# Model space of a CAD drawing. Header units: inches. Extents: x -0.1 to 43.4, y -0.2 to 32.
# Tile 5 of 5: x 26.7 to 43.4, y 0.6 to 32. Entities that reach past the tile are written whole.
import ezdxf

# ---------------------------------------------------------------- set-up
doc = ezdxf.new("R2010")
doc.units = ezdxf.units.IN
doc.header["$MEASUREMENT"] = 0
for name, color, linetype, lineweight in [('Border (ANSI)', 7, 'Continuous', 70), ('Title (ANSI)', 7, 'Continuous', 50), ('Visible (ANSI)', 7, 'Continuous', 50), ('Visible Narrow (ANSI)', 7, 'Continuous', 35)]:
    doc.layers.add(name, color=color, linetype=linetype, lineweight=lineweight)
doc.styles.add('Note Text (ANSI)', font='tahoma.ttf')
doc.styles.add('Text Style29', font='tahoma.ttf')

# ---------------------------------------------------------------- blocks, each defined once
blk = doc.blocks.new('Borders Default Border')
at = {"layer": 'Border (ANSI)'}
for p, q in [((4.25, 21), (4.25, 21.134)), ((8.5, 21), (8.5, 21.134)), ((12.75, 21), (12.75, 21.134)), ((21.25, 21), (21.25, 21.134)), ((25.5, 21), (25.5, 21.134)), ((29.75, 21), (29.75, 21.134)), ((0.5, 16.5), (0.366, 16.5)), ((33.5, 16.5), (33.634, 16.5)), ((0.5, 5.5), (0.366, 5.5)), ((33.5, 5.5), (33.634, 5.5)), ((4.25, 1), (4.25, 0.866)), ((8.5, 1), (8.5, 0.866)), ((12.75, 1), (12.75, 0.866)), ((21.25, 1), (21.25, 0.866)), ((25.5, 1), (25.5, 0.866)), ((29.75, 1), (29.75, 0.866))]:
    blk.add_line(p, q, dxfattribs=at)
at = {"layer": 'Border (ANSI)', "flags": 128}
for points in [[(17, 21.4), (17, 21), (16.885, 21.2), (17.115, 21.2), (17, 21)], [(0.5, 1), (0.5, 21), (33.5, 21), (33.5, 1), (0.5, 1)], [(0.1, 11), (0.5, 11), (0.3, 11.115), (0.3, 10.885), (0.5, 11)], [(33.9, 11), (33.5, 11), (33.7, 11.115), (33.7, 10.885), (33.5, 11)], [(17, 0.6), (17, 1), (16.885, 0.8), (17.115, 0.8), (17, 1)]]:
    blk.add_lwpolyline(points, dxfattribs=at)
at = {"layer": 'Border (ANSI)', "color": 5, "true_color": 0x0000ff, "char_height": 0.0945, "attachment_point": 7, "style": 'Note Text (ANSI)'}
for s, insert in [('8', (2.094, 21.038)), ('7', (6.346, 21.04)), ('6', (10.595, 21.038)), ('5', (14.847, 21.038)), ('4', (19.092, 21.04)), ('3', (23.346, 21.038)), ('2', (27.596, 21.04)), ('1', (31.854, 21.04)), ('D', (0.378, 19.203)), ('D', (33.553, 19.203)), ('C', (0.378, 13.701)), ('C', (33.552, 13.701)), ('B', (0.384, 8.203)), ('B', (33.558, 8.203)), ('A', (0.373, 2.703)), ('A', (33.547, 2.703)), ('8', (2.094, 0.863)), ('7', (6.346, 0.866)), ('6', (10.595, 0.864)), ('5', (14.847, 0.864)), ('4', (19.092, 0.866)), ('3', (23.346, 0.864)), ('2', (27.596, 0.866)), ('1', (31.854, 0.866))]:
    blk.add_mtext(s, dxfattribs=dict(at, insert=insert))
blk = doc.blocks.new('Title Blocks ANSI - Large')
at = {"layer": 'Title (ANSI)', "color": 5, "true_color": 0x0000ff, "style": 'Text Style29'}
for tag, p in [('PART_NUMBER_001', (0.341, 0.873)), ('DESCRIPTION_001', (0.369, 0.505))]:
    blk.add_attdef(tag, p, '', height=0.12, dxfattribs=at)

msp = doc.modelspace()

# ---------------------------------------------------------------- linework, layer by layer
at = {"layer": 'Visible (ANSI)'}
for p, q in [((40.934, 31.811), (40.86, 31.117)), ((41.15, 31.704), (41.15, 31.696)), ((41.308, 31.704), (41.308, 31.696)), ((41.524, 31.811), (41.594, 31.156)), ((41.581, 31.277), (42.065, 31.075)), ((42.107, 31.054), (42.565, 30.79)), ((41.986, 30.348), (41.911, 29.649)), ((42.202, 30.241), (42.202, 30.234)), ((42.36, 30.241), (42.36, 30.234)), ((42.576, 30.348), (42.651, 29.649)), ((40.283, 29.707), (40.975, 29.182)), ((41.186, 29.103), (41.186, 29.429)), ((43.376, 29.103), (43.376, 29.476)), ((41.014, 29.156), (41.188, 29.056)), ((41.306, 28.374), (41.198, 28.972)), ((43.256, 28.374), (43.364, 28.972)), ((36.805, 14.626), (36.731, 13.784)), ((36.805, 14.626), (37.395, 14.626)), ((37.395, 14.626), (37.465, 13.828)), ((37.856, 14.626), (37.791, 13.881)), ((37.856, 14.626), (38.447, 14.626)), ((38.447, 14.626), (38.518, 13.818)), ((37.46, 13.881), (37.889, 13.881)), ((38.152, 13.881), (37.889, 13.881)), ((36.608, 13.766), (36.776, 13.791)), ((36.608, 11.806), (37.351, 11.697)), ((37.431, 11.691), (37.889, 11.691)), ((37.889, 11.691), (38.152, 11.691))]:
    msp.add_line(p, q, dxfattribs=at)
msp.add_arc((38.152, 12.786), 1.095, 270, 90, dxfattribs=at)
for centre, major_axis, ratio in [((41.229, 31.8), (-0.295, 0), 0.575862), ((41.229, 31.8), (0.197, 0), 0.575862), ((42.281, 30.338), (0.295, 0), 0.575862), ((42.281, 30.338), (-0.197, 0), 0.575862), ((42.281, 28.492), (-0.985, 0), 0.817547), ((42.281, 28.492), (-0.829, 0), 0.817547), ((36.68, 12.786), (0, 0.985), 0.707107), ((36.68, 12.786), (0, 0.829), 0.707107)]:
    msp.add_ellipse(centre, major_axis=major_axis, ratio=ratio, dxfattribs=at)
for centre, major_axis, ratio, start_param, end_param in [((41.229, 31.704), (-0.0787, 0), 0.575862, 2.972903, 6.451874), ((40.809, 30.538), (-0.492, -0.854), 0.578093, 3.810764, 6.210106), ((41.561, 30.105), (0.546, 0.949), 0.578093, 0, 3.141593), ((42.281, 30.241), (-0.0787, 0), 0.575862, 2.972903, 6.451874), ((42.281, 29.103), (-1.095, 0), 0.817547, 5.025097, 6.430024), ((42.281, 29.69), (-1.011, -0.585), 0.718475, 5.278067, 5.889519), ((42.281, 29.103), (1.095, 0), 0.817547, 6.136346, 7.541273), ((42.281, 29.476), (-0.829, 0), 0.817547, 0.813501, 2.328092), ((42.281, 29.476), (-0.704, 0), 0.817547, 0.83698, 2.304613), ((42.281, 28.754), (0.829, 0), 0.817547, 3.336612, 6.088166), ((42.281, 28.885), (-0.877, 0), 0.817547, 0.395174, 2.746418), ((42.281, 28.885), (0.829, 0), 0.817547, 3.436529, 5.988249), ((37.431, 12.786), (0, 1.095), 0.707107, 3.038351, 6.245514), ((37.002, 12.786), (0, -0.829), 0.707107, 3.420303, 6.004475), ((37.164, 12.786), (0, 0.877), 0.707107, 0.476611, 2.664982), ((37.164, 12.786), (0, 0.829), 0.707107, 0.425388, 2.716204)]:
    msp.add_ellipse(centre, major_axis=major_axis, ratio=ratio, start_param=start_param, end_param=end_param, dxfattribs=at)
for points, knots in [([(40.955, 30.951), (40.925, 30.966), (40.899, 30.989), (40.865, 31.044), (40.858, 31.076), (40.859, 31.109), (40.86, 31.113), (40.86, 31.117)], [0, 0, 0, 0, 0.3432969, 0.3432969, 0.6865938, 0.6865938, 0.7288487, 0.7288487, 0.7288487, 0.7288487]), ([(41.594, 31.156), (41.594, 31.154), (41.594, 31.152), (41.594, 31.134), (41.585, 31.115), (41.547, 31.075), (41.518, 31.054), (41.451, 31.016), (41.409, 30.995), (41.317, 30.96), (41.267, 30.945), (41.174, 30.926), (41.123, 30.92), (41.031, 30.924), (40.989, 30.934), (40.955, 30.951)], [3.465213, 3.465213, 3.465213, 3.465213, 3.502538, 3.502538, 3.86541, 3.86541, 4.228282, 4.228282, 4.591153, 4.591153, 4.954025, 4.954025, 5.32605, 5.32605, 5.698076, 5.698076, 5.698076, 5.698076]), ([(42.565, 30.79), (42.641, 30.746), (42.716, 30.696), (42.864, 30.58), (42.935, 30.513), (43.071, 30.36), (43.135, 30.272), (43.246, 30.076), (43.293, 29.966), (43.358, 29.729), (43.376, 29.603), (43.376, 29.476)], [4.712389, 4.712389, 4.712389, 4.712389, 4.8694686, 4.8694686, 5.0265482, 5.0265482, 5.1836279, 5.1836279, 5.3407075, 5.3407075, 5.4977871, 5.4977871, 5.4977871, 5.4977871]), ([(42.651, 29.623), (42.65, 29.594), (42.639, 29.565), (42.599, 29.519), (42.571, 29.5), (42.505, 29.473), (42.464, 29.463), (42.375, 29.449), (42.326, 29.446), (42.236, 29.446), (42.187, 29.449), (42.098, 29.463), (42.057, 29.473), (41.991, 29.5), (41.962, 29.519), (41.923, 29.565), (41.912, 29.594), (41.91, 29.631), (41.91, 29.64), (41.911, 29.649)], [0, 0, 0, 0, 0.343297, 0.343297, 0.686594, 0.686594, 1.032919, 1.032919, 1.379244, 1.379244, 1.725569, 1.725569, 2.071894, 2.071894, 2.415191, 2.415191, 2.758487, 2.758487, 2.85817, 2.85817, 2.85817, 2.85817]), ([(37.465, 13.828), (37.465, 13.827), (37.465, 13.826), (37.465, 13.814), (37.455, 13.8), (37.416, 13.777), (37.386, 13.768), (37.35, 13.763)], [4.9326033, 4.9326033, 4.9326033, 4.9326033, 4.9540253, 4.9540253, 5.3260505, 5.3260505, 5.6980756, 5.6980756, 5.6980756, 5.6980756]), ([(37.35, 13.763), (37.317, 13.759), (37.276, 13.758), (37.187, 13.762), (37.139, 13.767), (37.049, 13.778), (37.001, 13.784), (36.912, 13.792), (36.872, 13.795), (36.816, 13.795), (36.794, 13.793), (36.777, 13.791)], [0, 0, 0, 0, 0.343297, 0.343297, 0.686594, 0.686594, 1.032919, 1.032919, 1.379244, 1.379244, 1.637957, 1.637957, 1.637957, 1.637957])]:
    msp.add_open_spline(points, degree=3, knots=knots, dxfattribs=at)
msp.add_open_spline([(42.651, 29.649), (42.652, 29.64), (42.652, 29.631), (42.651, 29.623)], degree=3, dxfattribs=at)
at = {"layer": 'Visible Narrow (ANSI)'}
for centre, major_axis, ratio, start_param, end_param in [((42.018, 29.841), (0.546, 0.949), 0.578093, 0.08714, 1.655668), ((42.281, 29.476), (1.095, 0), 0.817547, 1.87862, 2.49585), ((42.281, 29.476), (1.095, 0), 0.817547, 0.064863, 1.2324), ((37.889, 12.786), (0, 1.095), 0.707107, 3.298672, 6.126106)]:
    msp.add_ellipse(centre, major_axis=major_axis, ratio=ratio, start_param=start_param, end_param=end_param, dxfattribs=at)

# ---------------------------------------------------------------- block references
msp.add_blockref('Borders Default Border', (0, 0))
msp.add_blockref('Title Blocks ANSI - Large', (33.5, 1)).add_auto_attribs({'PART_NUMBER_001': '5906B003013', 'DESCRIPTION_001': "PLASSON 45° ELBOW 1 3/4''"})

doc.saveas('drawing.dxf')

- _Your objective_: Which lines above run from the one containing "blk.add_line(p, q, dxfattribs=at)" down to the one containing "blk.add_lwpolyline(points, dxfattribs=at)"? Repeat exactly those, both ends included, and nothing else.

- _Task answer_:
    blk.add_line(p, q, dxfattribs=at)
at = {"layer": 'Border (ANSI)', "flags": 128}
for points in [[(17, 21.4), (17, 21), (16.885, 21.2), (17.115, 21.2), (17, 21)], [(0.5, 1), (0.5, 21), (33.5, 21), (33.5, 1), (0.5, 1)], [(0.1, 11), (0.5, 11), (0.3, 11.115), (0.3, 10.885), (0.5, 11)], [(33.9, 11), (33.5, 11), (33.7, 11.115), (33.7, 10.885), (33.5, 11)], [(17, 0.6), (17, 1), (16.885, 0.8), (17.115, 0.8), (17, 1)]]:
    blk.add_lwpolyline(points, dxfattribs=at)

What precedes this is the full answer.